1. The first step in this assignment is to allow rows or columns to be added to an initially empty table. For convenience, in the table constructor (its __init__ method), make the data parameter a keyword parameter that defaults to the empty list. So for example, Table() is equivalent to Table([]).

   Motivation: Adding rows or columns to the table class as given in lecture and extended in lab requires that the length of the row or column be consistent with the length of existing rows or columns in the table. This means you cannot create an empty table and do anything meaningful with it. So, for example, it is not possible to build up a table from scratch by adding rows or columns with an accumulator loop.

   Hints

   1. Besides extensive modification of the constructor, this also requires modification of the addColumn method. Confirm by inspection of the code that no other changes are needed.
   2. Be careful to avoid the mistake pointed out in class of mutating a default value.
       
2. Add a .project(columnIndices) method that takes a list of column indices and returns a new table whose columns are those in the current table indicated by the given indices.

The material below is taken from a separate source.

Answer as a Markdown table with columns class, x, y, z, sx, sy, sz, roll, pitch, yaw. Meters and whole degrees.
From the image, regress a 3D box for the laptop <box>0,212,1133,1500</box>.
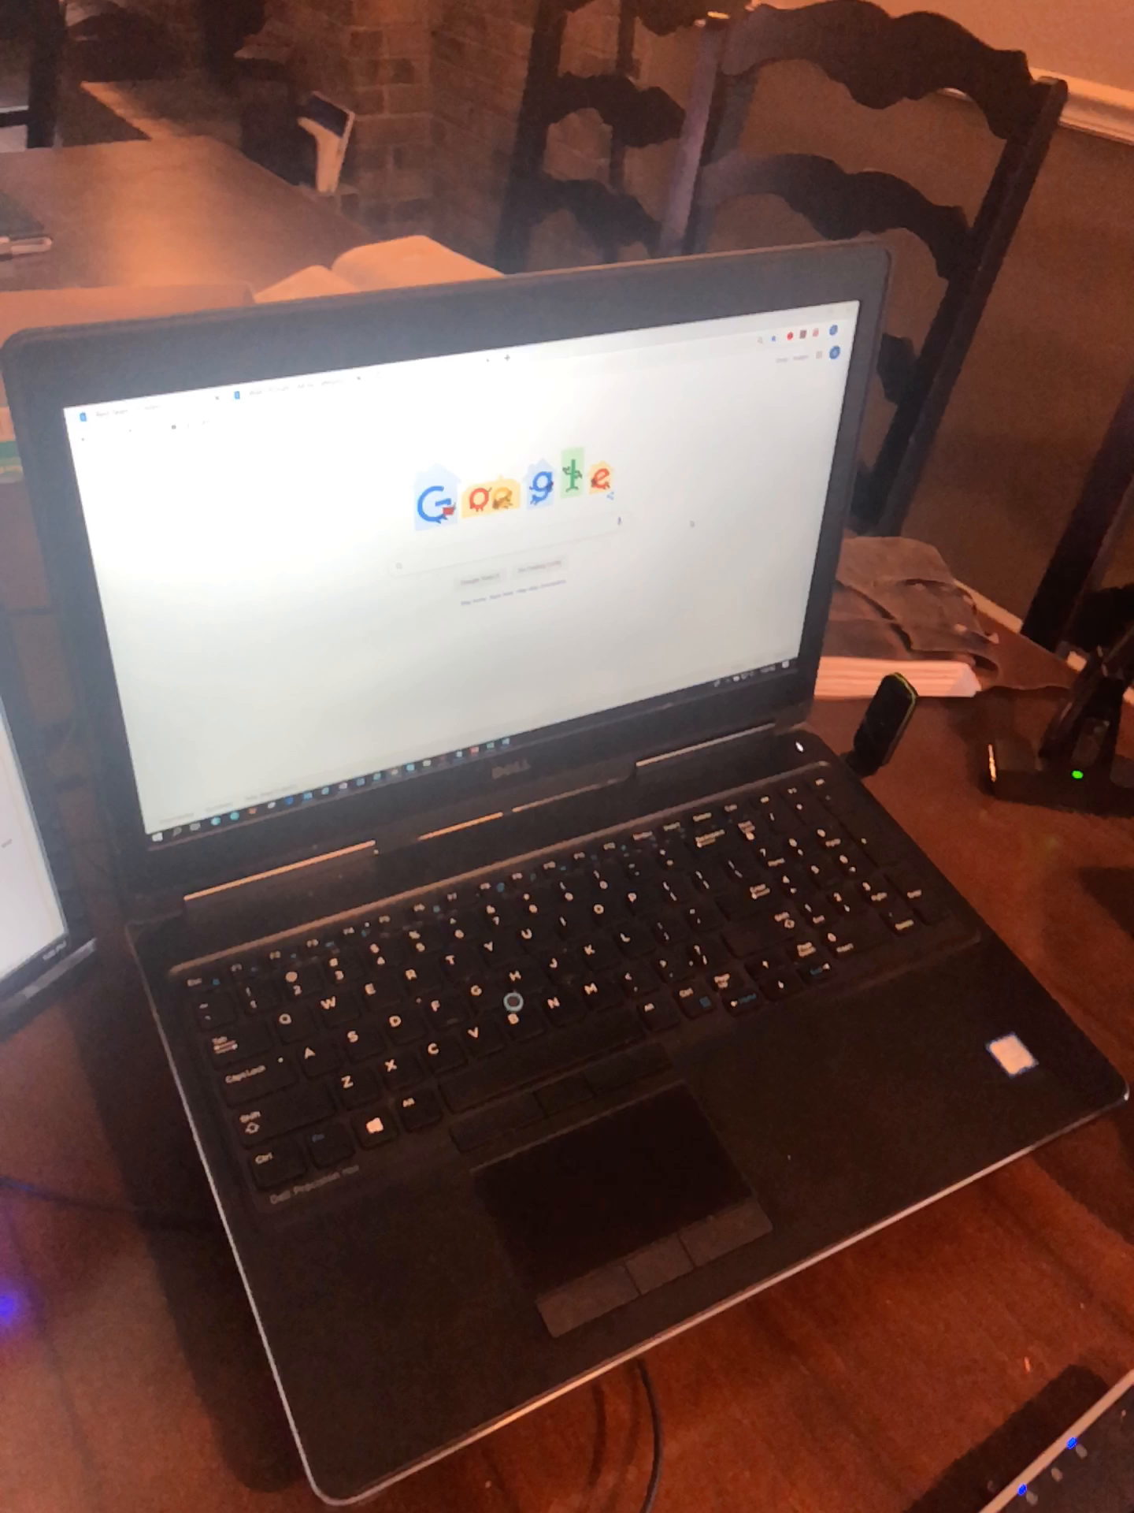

   Motivation: Tables may have a great many columns and it is valuable to be able to restrict attention to just the columns of interest for a particular use. Most databases are based on tables and this is a very common database operation.

   Hint: use the ability developed in part 1 to start with a new empty table and add the indicated columns to it.
    

3. Add a .select(rowPredicate) method that takes as its argument a function rowPredicate of one argument that returns a boolean value. Return a new table that is like a copy of the current table, but with only those rows for which rowPredicate returns true when passed the row as its argument.

   Motivation: It is often valuable to be able to restrict attention to just those rows of a table that have some desired property. This is commonly done in databases, where the property is satisfaction of a query's constraints.

   Hint: As before, start with an empty table and accumulate the rows that are desired. Be sure to copy those rows that are added so mutation of the new table will not change the current table.

A few test follow, including one in which a predicate selects those rows (only one in the example) with b in the first column.

    t = Table()
    assert t.getData() == []
    t = Table(data=['a,1,2', 'b,3,4'])
    assert t.getData() == [['a', '1', '2'], ['b', '3', '4']]
    tp = t.project([0, 2])
    assert tp.getData() == [['a', '2'], ['b', '4']]
    def rowBpred(row):
        return row[0] == 'b'
    ts = t.select(rowBpred)
    assert ts.getData() == [['b', '3', '4']]

When you are done, submit your final table.py file as a10 using Vincent.